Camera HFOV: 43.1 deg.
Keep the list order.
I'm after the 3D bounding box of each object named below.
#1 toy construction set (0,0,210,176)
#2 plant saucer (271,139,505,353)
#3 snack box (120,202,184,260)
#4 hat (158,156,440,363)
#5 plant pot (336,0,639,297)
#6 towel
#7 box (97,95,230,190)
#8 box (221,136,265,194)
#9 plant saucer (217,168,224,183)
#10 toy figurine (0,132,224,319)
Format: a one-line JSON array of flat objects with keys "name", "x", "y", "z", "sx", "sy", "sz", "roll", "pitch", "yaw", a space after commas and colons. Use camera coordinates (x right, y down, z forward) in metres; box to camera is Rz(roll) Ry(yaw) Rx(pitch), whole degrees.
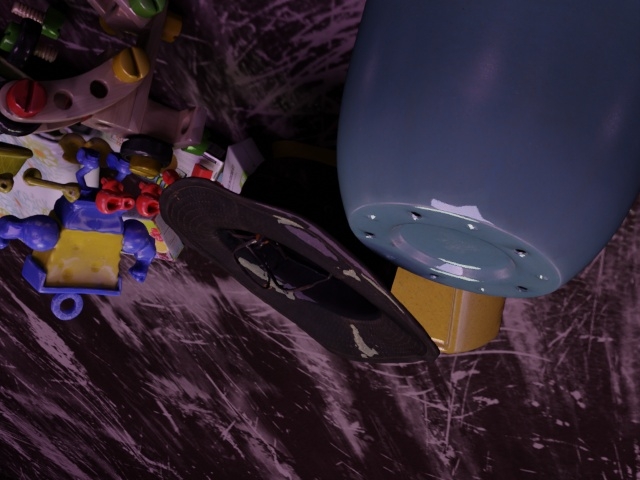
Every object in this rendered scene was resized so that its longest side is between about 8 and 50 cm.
[{"name": "toy construction set", "x": -0.193, "y": -0.214, "z": 0.873, "sx": 0.237, "sy": 0.257, "sz": 0.309, "roll": 23, "pitch": 139, "yaw": -28}, {"name": "plant saucer", "x": 0.087, "y": 0.035, "z": 1.109, "sx": 0.333, "sy": 0.081, "sz": 0.332, "roll": 14, "pitch": 144, "yaw": 15}, {"name": "snack box", "x": -0.304, "y": -0.018, "z": 1.316, "sx": 0.141, "sy": 0.037, "sz": 0.100, "roll": 8, "pitch": 141, "yaw": 24}, {"name": "hat", "x": 0.000, "y": 0.000, "z": 0.866, "sx": 0.331, "sy": 0.134, "sz": 0.331, "roll": 26, "pitch": 158, "yaw": 12}, {"name": "plant pot", "x": 0.145, "y": -0.091, "z": 0.701, "sx": 0.293, "sy": 0.235, "sz": 0.293, "roll": 19, "pitch": 162, "yaw": 6}, {"name": "towel", "x": -0.467, "y": -0.129, "z": 1.172, "sx": 0.320, "sy": 0.090, "sz": 0.374, "roll": 36, "pitch": 147, "yaw": 6}, {"name": "box", "x": -0.231, "y": -0.134, "z": 1.097, "sx": 0.207, "sy": 0.036, "sz": 0.114, "roll": 32, "pitch": 137, "yaw": -5}, {"name": "box", "x": -0.069, "y": -0.022, "z": 1.059, "sx": 0.186, "sy": 0.038, "sz": 0.145, "roll": 61, "pitch": 159, "yaw": 13}, {"name": "plant saucer", "x": -0.221, "y": -0.109, "z": 1.162, "sx": 0.192, "sy": 0.018, "sz": 0.067, "roll": 20, "pitch": 145, "yaw": 8}, {"name": "toy figurine", "x": -0.291, "y": 0.006, "z": 0.941, "sx": 0.363, "sy": 0.217, "sz": 0.191, "roll": 4, "pitch": -156, "yaw": -42}]
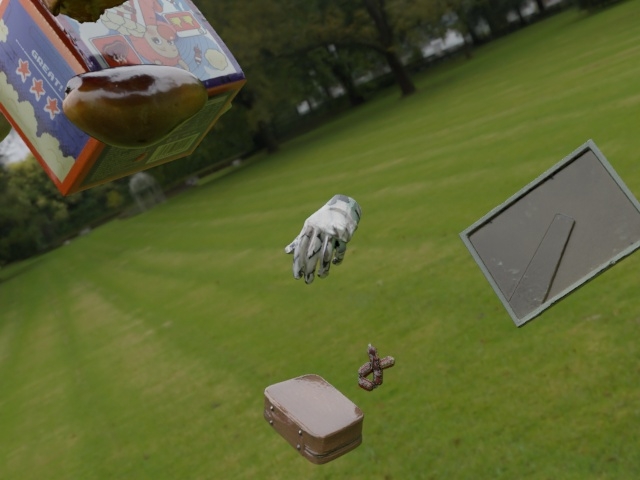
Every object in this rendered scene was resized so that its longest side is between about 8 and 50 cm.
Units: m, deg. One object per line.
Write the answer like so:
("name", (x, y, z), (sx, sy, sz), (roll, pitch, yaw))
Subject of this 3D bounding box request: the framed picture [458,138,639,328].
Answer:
("framed picture", (0.352, -0.010, 1.304), (0.250, 0.184, 0.016), (-39, -30, 17))

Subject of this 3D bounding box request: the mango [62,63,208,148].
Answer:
("mango", (-0.287, -0.211, 1.367), (0.267, 0.133, 0.111), (-21, -19, -49))

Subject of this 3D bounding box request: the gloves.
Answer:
("gloves", (0.003, -0.003, 1.963), (0.212, 0.127, 0.111), (-53, -12, -29))

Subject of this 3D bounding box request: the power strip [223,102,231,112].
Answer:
("power strip", (-0.312, -0.259, 1.989), (0.272, 0.052, 0.078), (-35, 0, 2))

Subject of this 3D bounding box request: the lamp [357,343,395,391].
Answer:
("lamp", (0.101, 0.250, 1.683), (0.083, 0.063, 0.031), (-61, -13, 7))

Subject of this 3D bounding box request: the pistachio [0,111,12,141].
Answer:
("pistachio", (-0.860, -0.313, 2.228), (0.238, 0.137, 0.153), (-11, 55, 59))

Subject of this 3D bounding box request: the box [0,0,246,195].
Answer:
("box", (-0.386, -0.314, 1.621), (0.348, 0.319, 0.257), (-27, -13, -50))

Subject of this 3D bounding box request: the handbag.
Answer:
("handbag", (-0.010, 0.338, 1.684), (0.151, 0.072, 0.193), (-16, 30, -36))

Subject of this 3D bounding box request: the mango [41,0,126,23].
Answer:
("mango", (-0.353, -0.474, 1.289), (0.201, 0.350, 0.199), (3, -32, -35))
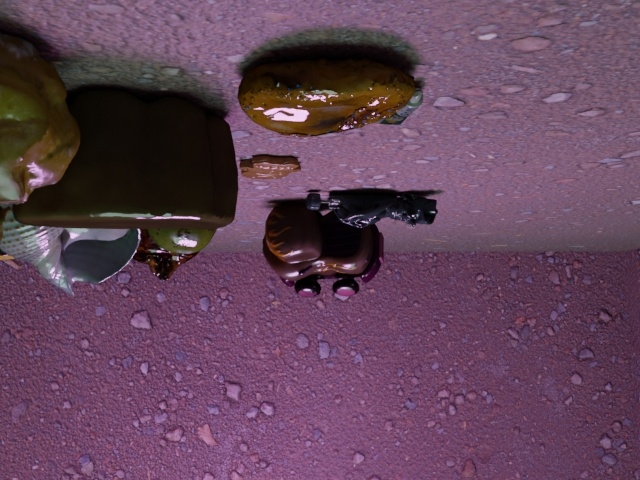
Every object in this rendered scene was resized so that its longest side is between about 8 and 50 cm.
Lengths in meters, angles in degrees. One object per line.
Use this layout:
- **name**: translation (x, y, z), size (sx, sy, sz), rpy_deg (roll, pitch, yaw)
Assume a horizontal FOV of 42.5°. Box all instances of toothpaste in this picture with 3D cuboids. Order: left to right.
- **toothpaste**: translation (0.128, -0.209, 1.310), size (0.049, 0.031, 0.204), rpy_deg (2, 175, -8)

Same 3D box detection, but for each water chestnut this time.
- **water chestnut**: translation (-0.440, 0.000, 2.265), size (0.224, 0.238, 0.223), rpy_deg (2, 163, 1)

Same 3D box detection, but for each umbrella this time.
- **umbrella**: translation (0.133, -0.081, 2.175), size (0.349, 0.094, 0.143), rpy_deg (3, 168, -15)

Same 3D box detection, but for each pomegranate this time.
- **pomegranate**: translation (-0.319, -0.069, 1.976), size (0.182, 0.181, 0.224), rpy_deg (4, 150, -35)

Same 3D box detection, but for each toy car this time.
- **toy car**: translation (0.000, 0.000, 2.342), size (0.341, 0.271, 0.240), rpy_deg (-5, 153, 11)

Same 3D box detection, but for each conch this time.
- **conch**: translation (-0.539, -0.055, 1.738), size (0.303, 0.215, 0.319), rpy_deg (-13, 144, -5)

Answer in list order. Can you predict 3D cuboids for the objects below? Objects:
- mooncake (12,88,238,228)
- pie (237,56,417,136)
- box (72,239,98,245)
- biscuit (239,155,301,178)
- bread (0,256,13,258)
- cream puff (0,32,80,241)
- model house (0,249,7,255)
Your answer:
- **mooncake**: translation (-0.323, -0.121, 1.377), size (0.379, 0.200, 0.378), rpy_deg (1, 178, 0)
- **pie**: translation (0.008, -0.203, 1.173), size (0.274, 0.069, 0.273), rpy_deg (0, 175, 0)
- **box**: translation (-0.514, -0.045, 1.978), size (0.153, 0.043, 0.269), rpy_deg (-20, -157, -3)
- **biscuit**: translation (-0.115, -0.155, 1.788), size (0.134, 0.027, 0.184), rpy_deg (1, 173, -29)
- **bread**: translation (-0.773, -0.044, 2.135), size (0.264, 0.167, 0.163), rpy_deg (-5, 173, 8)
- **cream puff**: translation (-0.500, -0.112, 1.048), size (0.379, 0.275, 0.378), rpy_deg (-1, 171, 0)
- **model house**: translation (-0.836, -0.079, 1.916), size (0.272, 0.190, 0.301), rpy_deg (0, -170, -43)
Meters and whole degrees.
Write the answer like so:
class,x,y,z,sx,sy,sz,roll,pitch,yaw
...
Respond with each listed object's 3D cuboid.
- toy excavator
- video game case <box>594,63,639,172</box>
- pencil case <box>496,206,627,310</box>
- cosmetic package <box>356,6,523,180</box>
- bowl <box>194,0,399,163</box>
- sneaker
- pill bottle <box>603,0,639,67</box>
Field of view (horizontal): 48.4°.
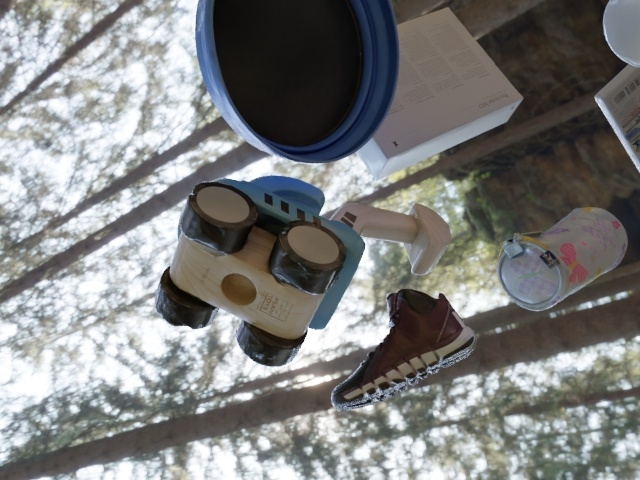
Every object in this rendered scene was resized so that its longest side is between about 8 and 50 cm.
class,x,y,z,sx,sy,sz,roll,pitch,yaw
toy excavator,0.000,0.000,1.212,0.433,0.222,0.445,25,-145,1
video game case,0.876,-0.363,1.781,0.300,0.329,0.036,46,-178,-28
pencil case,0.402,0.024,1.177,0.273,0.113,0.124,-17,-118,-43
cosmetic package,0.202,-0.324,1.531,0.377,0.097,0.284,-25,-111,-23
bowl,-0.031,-0.319,1.167,0.391,0.077,0.391,-3,-86,-40
sneaker,0.126,0.185,1.291,0.106,0.281,0.162,69,175,-65
pill bottle,0.570,-0.385,1.088,0.318,0.176,0.176,-36,-80,-31
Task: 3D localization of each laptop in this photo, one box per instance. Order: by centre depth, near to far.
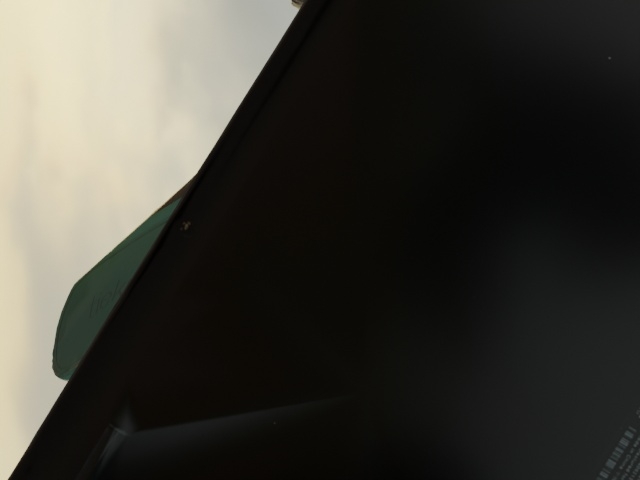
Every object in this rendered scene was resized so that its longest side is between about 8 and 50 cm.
[{"bbox_3d":[0.126,0.029,0.810,0.382,0.408,0.236,-58,-166,1],"label":"laptop"}]

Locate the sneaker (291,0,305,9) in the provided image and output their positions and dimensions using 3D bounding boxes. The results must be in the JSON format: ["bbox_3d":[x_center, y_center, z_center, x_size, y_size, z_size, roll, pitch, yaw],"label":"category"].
[{"bbox_3d":[0.053,-0.175,1.053,0.319,0.112,0.131,-86,-166,-85],"label":"sneaker"}]

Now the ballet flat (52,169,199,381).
[{"bbox_3d":[0.000,0.000,0.882,0.409,0.147,0.147,-35,-120,56],"label":"ballet flat"}]
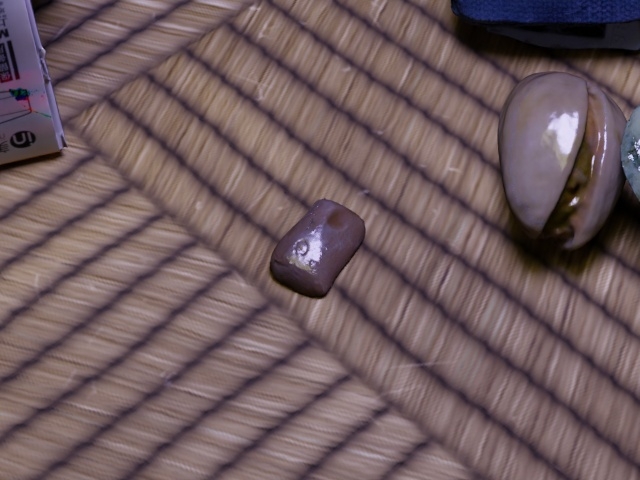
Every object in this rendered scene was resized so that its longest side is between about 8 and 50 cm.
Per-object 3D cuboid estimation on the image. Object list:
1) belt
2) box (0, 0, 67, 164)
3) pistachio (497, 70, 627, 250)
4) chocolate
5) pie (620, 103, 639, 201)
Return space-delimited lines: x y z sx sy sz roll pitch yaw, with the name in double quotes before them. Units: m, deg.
"belt" 0.231 -0.248 1.724 0.218 0.128 0.122 1 22 6
"box" -0.381 -0.151 1.612 0.273 0.221 0.091 -12 47 -8
"pistachio" 0.213 -0.075 1.587 0.124 0.124 0.185 7 58 9
"chocolate" 0.000 0.000 1.588 0.064 0.031 0.101 28 56 18
"pie" 0.346 -0.057 1.564 0.186 0.041 0.187 14 58 -24
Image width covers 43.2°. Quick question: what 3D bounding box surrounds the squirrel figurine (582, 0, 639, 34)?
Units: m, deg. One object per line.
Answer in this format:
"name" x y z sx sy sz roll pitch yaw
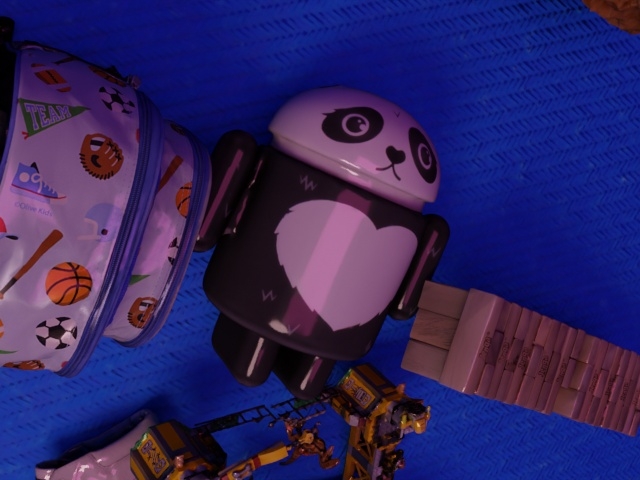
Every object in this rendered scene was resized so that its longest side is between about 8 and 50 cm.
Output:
"squirrel figurine" 0.291 -0.394 0.684 0.397 0.281 0.370 -45 106 -5

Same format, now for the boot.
"boot" -0.247 0.266 0.770 0.258 0.095 0.123 -32 105 -20

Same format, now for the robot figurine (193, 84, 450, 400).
"robot figurine" -0.001 0.000 0.731 0.173 0.209 0.278 26 96 23

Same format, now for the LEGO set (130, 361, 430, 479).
"LEGO set" -0.007 0.272 0.739 0.331 0.192 0.255 -2 115 -36

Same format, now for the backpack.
"backpack" -0.206 -0.019 0.614 0.213 0.263 0.277 11 99 -20

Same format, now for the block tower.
"block tower" 0.218 0.124 0.819 0.335 0.097 0.091 22 84 -43
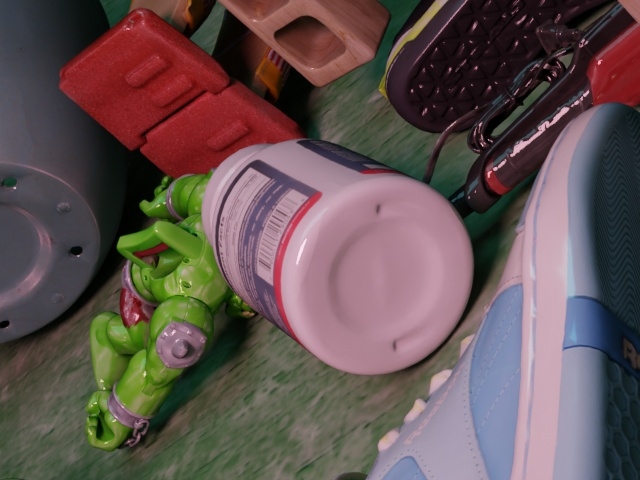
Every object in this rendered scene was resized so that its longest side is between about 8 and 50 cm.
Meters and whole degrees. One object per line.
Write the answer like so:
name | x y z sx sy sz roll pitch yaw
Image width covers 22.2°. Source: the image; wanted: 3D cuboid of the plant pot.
plant pot | -0.279 -0.059 1.247 0.293 0.293 0.235 -41 44 17

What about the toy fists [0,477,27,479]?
toy fists | -0.240 0.204 0.968 0.279 0.142 0.096 -20 38 44

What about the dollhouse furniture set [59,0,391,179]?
dollhouse furniture set | 0.005 -0.195 1.091 0.374 0.152 0.201 -27 33 44

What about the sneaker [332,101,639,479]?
sneaker | 0.058 0.088 0.685 0.208 0.127 0.319 -25 34 37

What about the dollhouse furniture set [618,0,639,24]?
dollhouse furniture set | 0.281 -0.187 0.559 0.394 0.256 0.362 -16 42 49

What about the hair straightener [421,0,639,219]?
hair straightener | 0.138 -0.082 0.895 0.230 0.047 0.089 -46 26 17

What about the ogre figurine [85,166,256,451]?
ogre figurine | -0.094 0.031 1.033 0.118 0.097 0.197 -33 17 52

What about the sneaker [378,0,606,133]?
sneaker | 0.118 -0.165 0.979 0.234 0.084 0.097 -41 26 17

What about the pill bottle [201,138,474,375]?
pill bottle | 0.000 0.000 0.911 0.108 0.108 0.180 -51 26 -4

..........

▶ _What you need to do_
Return exactly, please, the lines of the material from the first one down to and including the line where "#7 box (97,95,230,190)" appears.

▶ _Written answer_
Camera HFOV: 43.1 deg.
Keep the list order.
I'm after the 3D bounding box of each object named below.
#1 toy construction set (0,0,210,176)
#2 plant saucer (271,139,505,353)
#3 snack box (120,202,184,260)
#4 hat (158,156,440,363)
#5 plant pot (336,0,639,297)
#6 towel
#7 box (97,95,230,190)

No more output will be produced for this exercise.